Memory Hierarchy¶
rvsim models a complete memory hierarchy from TLBs through L3 cache to DRAM, with configurable parameters at every level.
Overview¶
flowchart TD
CPU["CPU Pipeline"] --> ITLB["I-TLB\n32 entries"] & DTLB["D-TLB\n32 entries"]
ITLB --> L1I["L1-I Cache"]
DTLB --> L1D["L1-D Cache"]
ITLB & DTLB -->|miss| L2TLB["L2 TLB\n512 entries · 4-way"]
L2TLB -->|miss| PTW["Hardware PTW\nSV39 page walk"]
L1I & L1D -->|miss| MSHR["MSHRs\ncoalescing"]
MSHR --> L2["L2 Cache"]
L2 -->|miss| L3["L3 Cache"]
L3 -->|miss| MC["Memory Controller"]
MC --> DRAM["DRAM\nrow-buffer timing"]
L1D <--> STB["Store Buffer\nforwarding · WCB"]
Virtual Memory (SV39)¶
The simulator implements the RISC-V SV39 page translation scheme:
- 39-bit virtual addresses with three levels of page tables (VPN[2], VPN[1], VPN[0])
- 4KB base pages, 2MB megapages, 1GB gigapages
- Separate iTLB and dTLB — fully associative, configurable size (default: 32 entries each)
- Shared L2 TLB — set-associative (default: 512 entries, 4-way), accessed on iTLB/dTLB miss
- Hardware page table walker — walks the page table on L2 TLB miss, manages accessed (A) and dirty (D) bits
The TLB hierarchy is bypassed when satp.MODE = Bare (no translation) or in M-mode without mstatus.MPRV set.
Cache Hierarchy¶
L1 Instruction Cache¶
Accessed by the Fetch1 stage. Configurable size, associativity, latency, and replacement policy. Supports hardware prefetching (typically next-line).
Invalidated by:
FENCE.Iinstruction (deferred to commit, drains store buffer first)- Inclusive L2 eviction back-invalidation (if inclusion policy is Inclusive)
L1 Data Cache¶
Accessed by the Memory1 stage. The critical path for load-to-use latency.
Non-blocking operation (MSHRs): When mshr_count > 0, L1D misses allocate a Miss Status Holding Register. The load is parked in the MSHR, and the pipeline continues executing other instructions. Multiple misses to the same cache line are coalesced into a single MSHR entry. When the line arrives from L2/L3/DRAM, all waiting loads are woken up.

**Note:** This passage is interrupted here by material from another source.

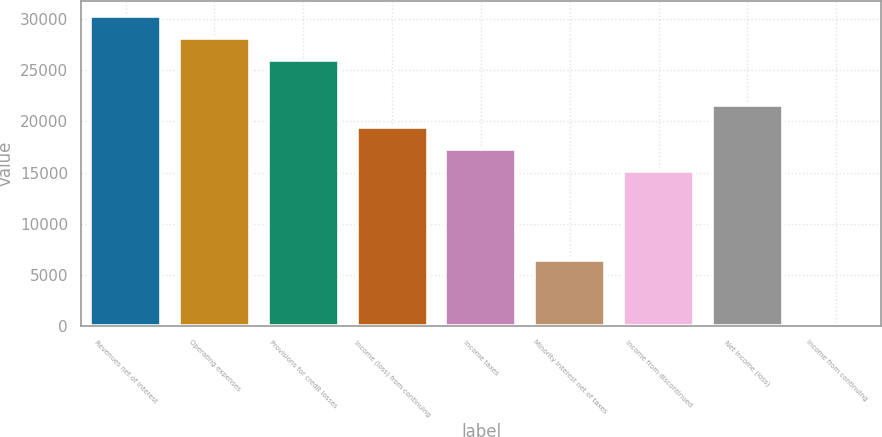Convert chart to OTSL. <chart><loc_0><loc_0><loc_500><loc_500><bar_chart><fcel>Revenues net of interest<fcel>Operating expenses<fcel>Provisions for credit losses<fcel>Income (loss) from continuing<fcel>Income taxes<fcel>Minority interest net of taxes<fcel>Income from discontinued<fcel>Net income (loss)<fcel>Income from continuing<nl><fcel>30295.9<fcel>28131.9<fcel>25968<fcel>19476.1<fcel>17312.1<fcel>6492.31<fcel>15148.1<fcel>21640<fcel>0.43<nl></chart>

Blocking operation (MSHRs = 0): When mshr_count = 0, L1D misses stall the pipeline until the line arrives. This is simpler but prevents the O3 backend from exploiting memory-level parallelism.
L2 / L3 Caches¶
Unified caches accessed on L1 miss. Each level has independent size, associativity, latency, replacement policy, and prefetcher configuration.
Inclusion Policies¶
The relationship between L1 and L2 is configurable:
| Policy | Behavior | Trade-off |
|---|---|---|
| NINE (default) | No inclusion enforcement | Simple, no coherence traffic |
| Inclusive | L2 eviction back-invalidates matching L1 lines | Guarantees L2 is a superset of L1 |
| Exclusive | L1 eviction installs the line into L2 (swap) | Maximizes effective cache capacity |
Store Buffer¶
The store buffer sits between the pipeline and L1D, holding stores that have executed but not yet committed.
- Store-to-load forwarding — when a load address matches a pending store in the buffer, the data is forwarded directly without accessing L1D. Supports full and partial overlap detection.
- Speculative draining — stores can begin draining to L1D before commit, improving throughput
- Write-combining buffer (WCB) — optional buffer that coalesces multiple stores to the same cache line before draining, reducing L1D write port pressure
Hardware Prefetching¶
Each cache level can have an independent hardware prefetcher:
| Prefetcher | How it works |
|---|---|
| NextLine | On any access, prefetch the next degree cache lines |
| Stride | PC-indexed table detects constant-stride access patterns |
| Stream | Detects sequential access streams and prefetches ahead |
| Tagged | Prefetch-on-prefetch: a prefetched line triggers further prefetches |
A shared prefetch deduplication filter prevents redundant requests across levels.
DRAM Controller¶
When all cache levels miss, the request reaches the memory controller:
Simple controller — fixed latency for all accesses.
DRAM controller — models row-buffer aware timing:
- Row hit: access costs
t_cascycles (column access to an already-open row) - Row miss: access costs
row_miss_latencycycles (precharge + row activate + column access) - Bank interleaving: addresses are distributed across banks; accesses to different banks can overlap
- Refresh: periodic refresh cycles (
t_refi/t_rfc) temporarily block accesses
The DRAM controller maintains per-bank row buffer state, so the actual latency of an access depends on whether the target row is already open.